26 APRIL 2008, Page 34

A masterpiece of boyhood recalled

Andro Linklater

KIERON SMITH, BOY by James Kelman Hamish Hamilton, £18.99, pp. 422, ISBN 9780241142417 ✆ £15.19 (plus £2.45 p&p) 0870 429 6655 In his take on the Caledonian antisyzygy — that preference of Scots writers for the sweet/sour conjunction of incompatible ingredients — Hugh MacDiarmid declared himself ‘For harsh, positive masculinity, /The creative treatment of actuality, — /And to blazes with all the sweetie-wives /And colourful confectionery.’ Until his latest novel, you could have said that this was James Kelman’s mantra too.

In the quarter of a century since his first book, Not Not While the Giro, he has created a fiction of harsh actuality around the experiences of working-class Glasgow men. Unlike MacDiarmid’s positive masculinity, however, Kelman’s has always been negative, a self-absorbed, combative, beaten consciousness that reacts like an exposed nerve to every spilled drink, missed kiss and undeserved insult. An easy read he is not. Life’s little consolations, hope, laughter, and the crackle of sweetie-papers have been sent to blazes, and a string of effing oaths has sped them to the flames. But for all the bleakness of the surroundings and the foul language that studs his protagonists’ acute awareness of what is happening to them, Kelman has always observed minutely and written beautifully, in a spare, rhythmic, exactly rendered prose.

In Kieron Smith, Boy, he has brought this talent to describe the life of a Glasgow child from the age of roughly five to twelve, growing up in the late 1950s. The outcome is utterly unexpected, an enchanted masterpiece of boyhood recalled, whose celebratory, optimistic tone is unlike anything Kelman has expressed before.

Glasgow is a city still dominated by shipbuilding:

When a big ship was passing we walked and ran along with it as far as we could. We rushed down to the pier and down the wooden steps for the big wash, the waves crashing onto the steps. If yer shoes were slippy ye had to be careful no to fall in, the worst of all if a ferry was there oh mammy and a person got dragged under. If ye fell in ye could not gulp the water because if ye did ye got poisoned or caught diptheria. We watched the ship all the way down. It was in silence it sailed and hardly did not move until then ye saw how it was a distance on, then another distance. How did that happen?

The salient landmarks in Kieron’s world are the familiarity of the slum where his story begins, the strangeness of the new housing scheme where it ends, and the kindliness that makes his grandparents’ apartment a constant refuge. The dangers of being dunked in the Clyde are much less than those presented by the savage tribes of children roaming these worlds. Kieron’s voice has the confiding, advisory tone of a clever child trying to explain how to negotiate a video-gamelike stream of rewards and violence.

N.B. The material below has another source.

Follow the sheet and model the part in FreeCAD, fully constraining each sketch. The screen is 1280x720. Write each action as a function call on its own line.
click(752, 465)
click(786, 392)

Oh but then Podge caught a wee Primary 2. He was just a bully. We were down at the shops and he caught him. That was the worst. Open yer mouth till I see yer teeth. The wee Primary 2 done it and Podgie spat right in. A greaser down to his tonsils. Podgie said that, Oh it is a big greaser.

The edgy fear is inescapable — ‘Even if there are big sentry lions sitting at the gates and if ye want to get through, ye have to pass them, huge big lions, a pack of them’ — but so is the child’s resilience as he learns the rules that divide Papes from Prods, big boys from little, and takes pride in abilities that help him survive — football, skill at climbing, and a courage unconsciously absorbed from his grandfather’s love for him. It is this emotional warmth that is so surprising, and more sensed than explained. Only at the very last, when the boy imagines losing his grip and falling from a high tree does he recognise what has always saved him.

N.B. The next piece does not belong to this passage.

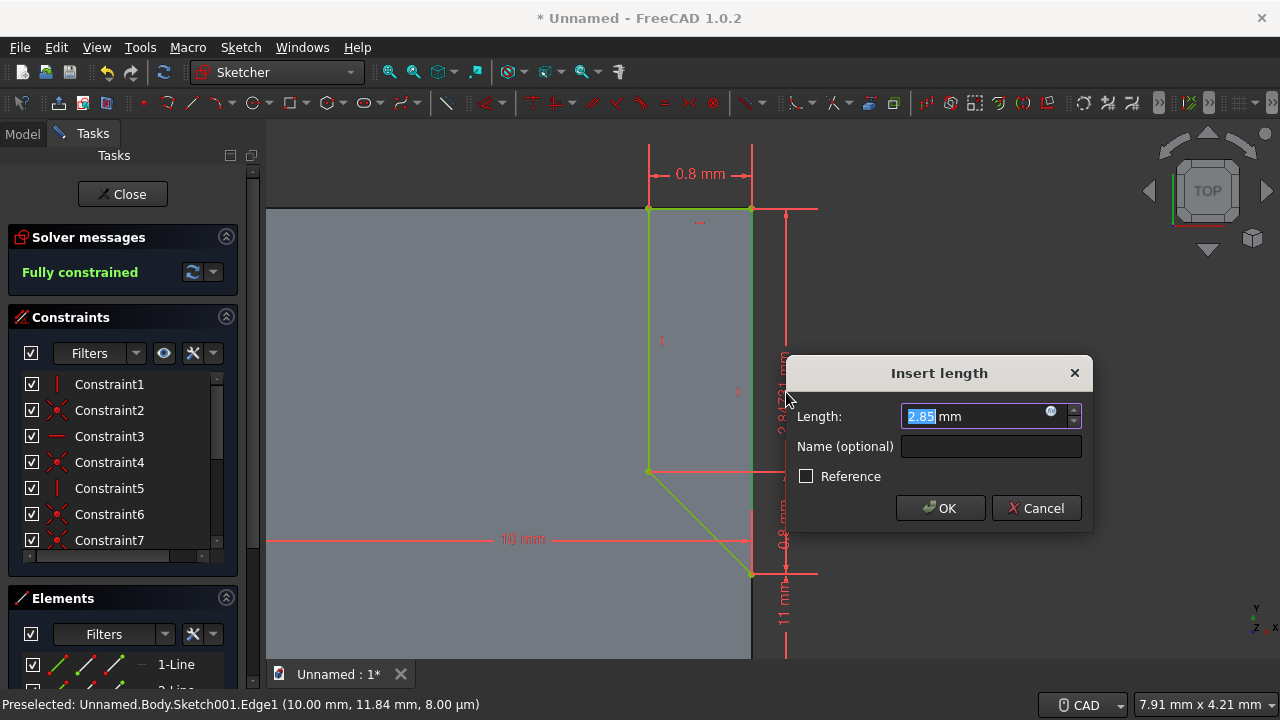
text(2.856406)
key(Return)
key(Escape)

So yer granda would be there, his spirit would come to yer rescue, maybe a hard blowing wind to stop ye hitting the ground heid first, ye would land one foot at a time, nice and soft, and just get up and walk away. Oh that was lucky and it would be, except if it was him, yer granda.

So that’s it — Kelman has not only written the finest book of his life, a prose poem to be lauded to the skies, but achieved the full-blown antisyzygy, harsh actuality slap incompatibly bang up against heartswelling, eyewelling optimism. Praise be.